I am trying to find out if the partial derivatives of my function $$f(x,y)=\begin{cases} 2\frac{x^3y}{x^2+y^2}-xy & \text{if } (x,y)\neq 0 \space \\ 0 & \text{if } (x,y)= 0 \space\\ \end{cases}$$ are continuous at all points. I have already calculated the derivatives for $\mathbb{R}\setminus\{0\}$ which are continous because they are combinations of polynomials. For $\frac{\partial}{\partial x}(0,0)$ and $\frac{\partial}{\partial y}(0,0)$ I have gotten $0$ as a result.

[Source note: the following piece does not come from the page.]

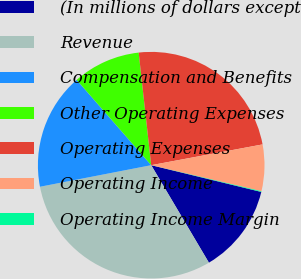<chart> <loc_0><loc_0><loc_500><loc_500><pie_chart><fcel>(In millions of dollars except<fcel>Revenue<fcel>Compensation and Benefits<fcel>Other Operating Expenses<fcel>Operating Expenses<fcel>Operating Income<fcel>Operating Income Margin<nl><fcel>12.7%<fcel>30.46%<fcel>16.62%<fcel>9.67%<fcel>23.83%<fcel>6.63%<fcel>0.1%<nl></chart> 
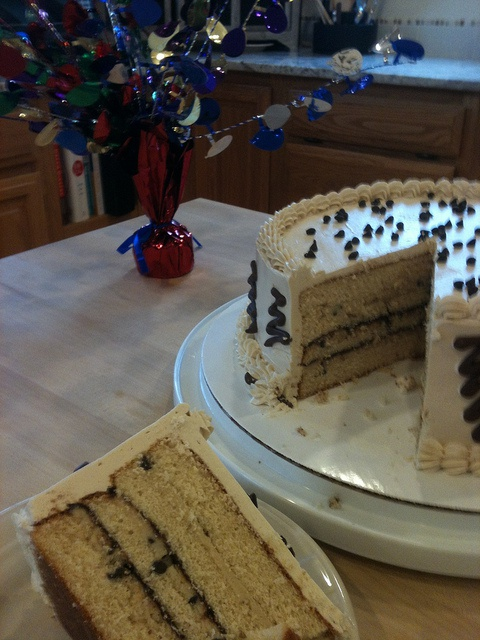Describe the objects in this image and their specific colors. I can see dining table in black, gray, olive, and darkgray tones, cake in black, gray, and darkgray tones, and cake in black and olive tones in this image.

In order to prove that my derivatives are continuous in their origin $(0,0)$, do I unterstand correctly that it is enough to show that $\lim_{(x,y) \to (0,0)} \frac{\partial}{\partial x} f(x,y) = \frac{\partial}{\partial x}(0,0) = 0$? And considering that is true, do I look at $\lim_{(x,y) \to (0,0)} \frac{\partial}{\partial x} f(x,y)$ for $x$ and $y$ seperately by setting one of them to a constant or can I just say $x = my$ for my prove? Any help is highly appreciated.
Best regards.
You need to show
$$\lim_{(x,y)\to (0,0)}\frac{\partial f}{\partial x}(x,y) = \frac{\partial f}{\partial x}(0,0)=0,$$
and the same for $\partial f/\partial y.$
For this it is not enough to consider limits on straight lines through $(0,0).$ There are examples where such limits along are all $0$ yet $f$ is not even continuous at $(0,0).$
Use your forumula for $\partial f/\partial x$ when $(x,y)\ne (0,0)$ to show that it has limit $0$ as $(x,y)\to 0.$ (Note that by definition, $(x,y)\to 0$ is the same as saying $(x^2+y^2)^{1/2}\to 0.$)